Task statement -> When you reach the line containing "# software distributed" in the records below, start copying exactly, and stop once you have copied the line containing "-fno-exceptions, -ffunction-sections, -fdata-sections]".

Information shown ->
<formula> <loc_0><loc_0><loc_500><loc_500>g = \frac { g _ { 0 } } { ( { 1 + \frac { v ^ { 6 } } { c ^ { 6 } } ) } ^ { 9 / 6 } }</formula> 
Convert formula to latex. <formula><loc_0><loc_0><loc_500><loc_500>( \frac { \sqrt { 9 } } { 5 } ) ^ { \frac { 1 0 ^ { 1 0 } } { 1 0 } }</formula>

---

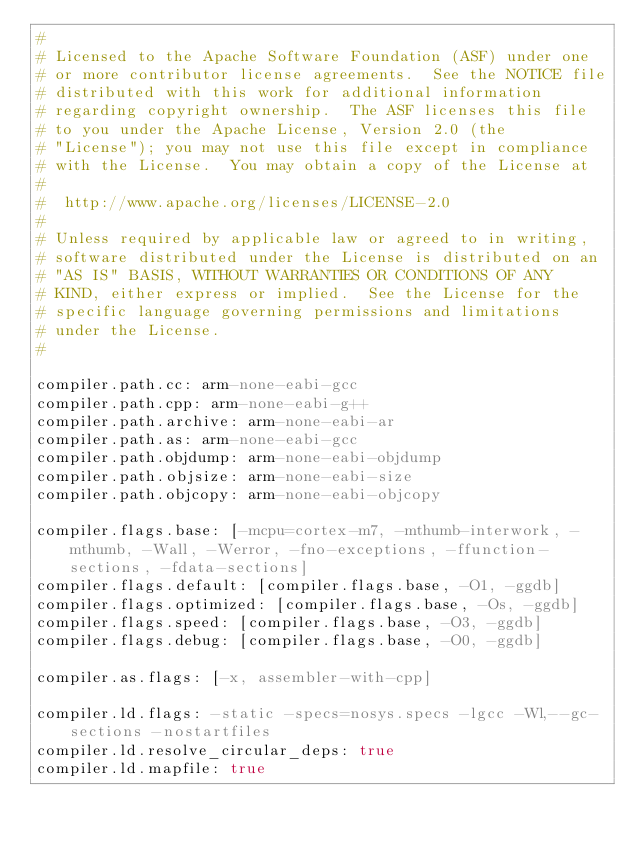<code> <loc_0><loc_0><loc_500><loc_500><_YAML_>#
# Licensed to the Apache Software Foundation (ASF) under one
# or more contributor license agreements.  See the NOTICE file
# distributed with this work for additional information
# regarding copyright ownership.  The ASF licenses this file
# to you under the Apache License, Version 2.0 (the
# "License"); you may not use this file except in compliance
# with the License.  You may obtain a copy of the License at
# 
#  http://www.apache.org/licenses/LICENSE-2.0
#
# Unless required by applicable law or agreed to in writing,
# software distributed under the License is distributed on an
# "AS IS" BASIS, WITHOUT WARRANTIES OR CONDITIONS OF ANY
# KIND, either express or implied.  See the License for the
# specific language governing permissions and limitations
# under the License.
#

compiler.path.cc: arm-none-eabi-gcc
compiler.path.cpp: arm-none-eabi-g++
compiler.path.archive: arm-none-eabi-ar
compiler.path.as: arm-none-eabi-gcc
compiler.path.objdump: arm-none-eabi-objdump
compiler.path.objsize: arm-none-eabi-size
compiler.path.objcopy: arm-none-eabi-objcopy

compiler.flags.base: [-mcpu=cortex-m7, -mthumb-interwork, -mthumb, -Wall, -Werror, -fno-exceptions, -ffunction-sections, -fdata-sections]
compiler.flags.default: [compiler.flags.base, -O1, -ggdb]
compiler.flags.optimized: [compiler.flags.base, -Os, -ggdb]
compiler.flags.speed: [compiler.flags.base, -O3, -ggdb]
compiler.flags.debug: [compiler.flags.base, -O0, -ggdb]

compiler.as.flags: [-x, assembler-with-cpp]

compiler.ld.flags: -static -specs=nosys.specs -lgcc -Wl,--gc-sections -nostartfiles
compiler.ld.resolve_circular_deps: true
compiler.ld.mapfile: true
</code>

==

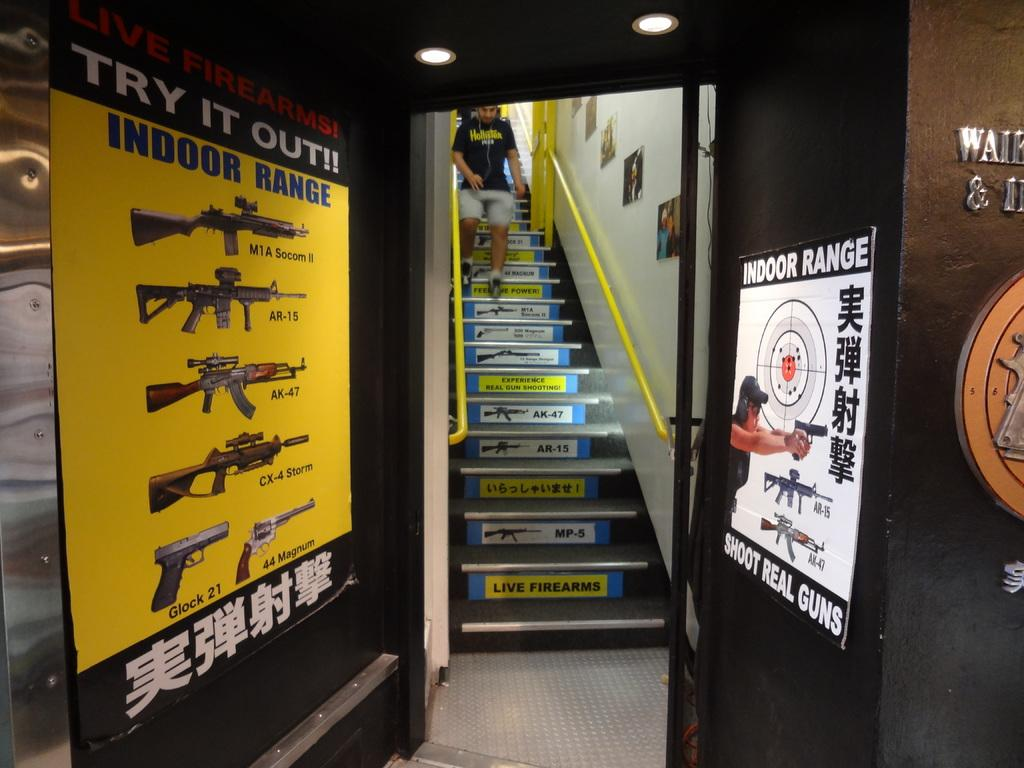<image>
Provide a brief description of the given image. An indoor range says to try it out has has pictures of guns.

Written solution ->
# software distributed under the License is distributed on an
# "AS IS" BASIS, WITHOUT WARRANTIES OR CONDITIONS OF ANY
# KIND, either express or implied.  See the License for the
# specific language governing permissions and limitations
# under the License.
#

compiler.path.cc: arm-none-eabi-gcc
compiler.path.cpp: arm-none-eabi-g++
compiler.path.archive: arm-none-eabi-ar
compiler.path.as: arm-none-eabi-gcc
compiler.path.objdump: arm-none-eabi-objdump
compiler.path.objsize: arm-none-eabi-size
compiler.path.objcopy: arm-none-eabi-objcopy

compiler.flags.base: [-mcpu=cortex-m7, -mthumb-interwork, -mthumb, -Wall, -Werror, -fno-exceptions, -ffunction-sections, -fdata-sections]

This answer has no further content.